BT Escapes Prosecution Over Phorm
The Crown Prosecution Service will not pursue BT and Phorm for breaching online privacy laws
BT will not face prosecution over its secret trials of behavioural advertising technology Phorm in 2006 and 2007, the Crown Prosecution Service has announced.
The CPS explained that there was insufficient evidence to begin a prosecution under the Regulation of Investigatory Powers Act (RIPA) 2000, and that it would not be in the public interest to proceed any further.
“We have concluded a prosecution would not be in the public interest,” said Andrew Hadik, reviewing lawyer for CPS London’s Complex Casework Unit, in a statement. “We would only take such a decision if we were satisfied that the broad extent of the criminality had been determined and that we could make a fully informed assessment of the public interest. This is such a case.”
Behavioural ad targeting
Phorm is scanning software that uses cookies to build a profile of users’ habits and interests based on websites they visit, and then assigns relevant ads. When the covert trials came to light in 2008, they led to public outrage and calls for prosecution.
The call to bring BT and Phorm to court was led by privacy campaigner Alexander Hanff who took his complaint to the CPS after the police refused to take up the case.

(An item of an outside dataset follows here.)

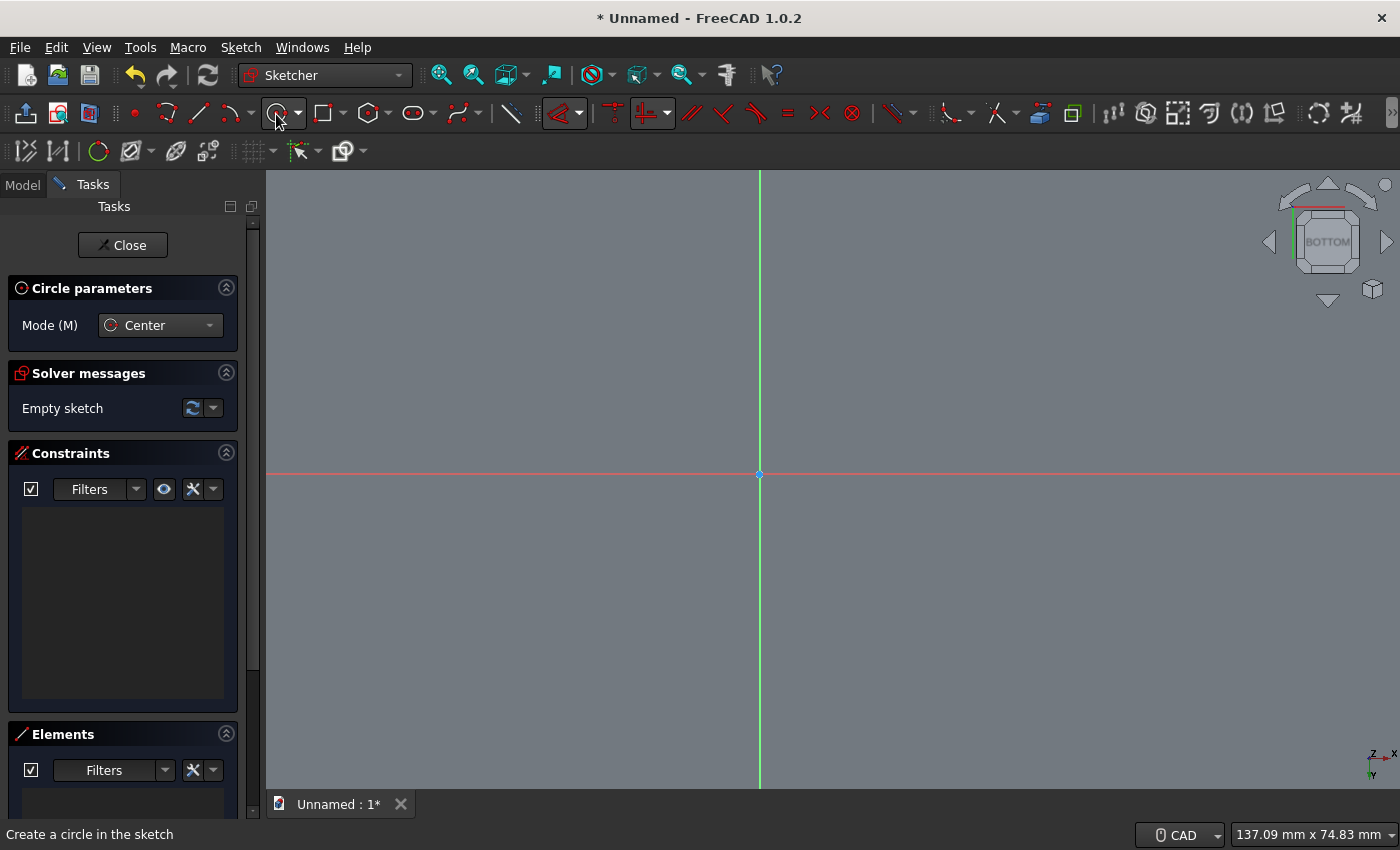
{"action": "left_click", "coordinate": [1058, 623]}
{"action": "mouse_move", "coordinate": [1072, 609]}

“I’m very disappointed and I’m going to look at the possibility of a judicial review,” said Hanff, reacting to the announcement. “I don’t see their excuse for not prosecuting is acceptable.”
In its conclusions, the CPS said there was no evidence to suggest either company acted in bad faith. “It could be reasonably argued that any offending was the result of an honest mistake or genuine misunderstanding of the law,” it said, adding that the trials were unlikely to be repeated, and there was no evidence to suggest that those affected by the trial suffered any loss or harm as a result.
European involvement
Although the CPS has dropped the case, the government’s reaction to the Phorm trials prompted the European Commission to launch infringement proceedings against the UK in 2009. According to the EC, the technology contravenes EU ePrivacy and personal data protection rules, which cover the confidentiality of communications, because it intercepts and monitors user actions – in some cases, without the user’s consent.
The controversy highlighted loopholes in UK privacy law, leading the European Commission to threaten to sue the British government for privacy violations. However, on 8 April – the same day the CPS said it would not prosecute – the Home Office published changes to RIPA that will close the loopholes around interception by private companies.
Last month, the Information Commissioner warned businesses and other organisations running websites in the UK that they need to ‘wake up’ to the fact that EU legislation, which will require them to get consent in order to store or access information on consumers’ computers, is coming into force soon.
The new law, which will come into force on 25 May 2011, is an amendment to the EU’s Privacy and Electronic Communications Directive designed to keep pace with the constant evolution of online fraud.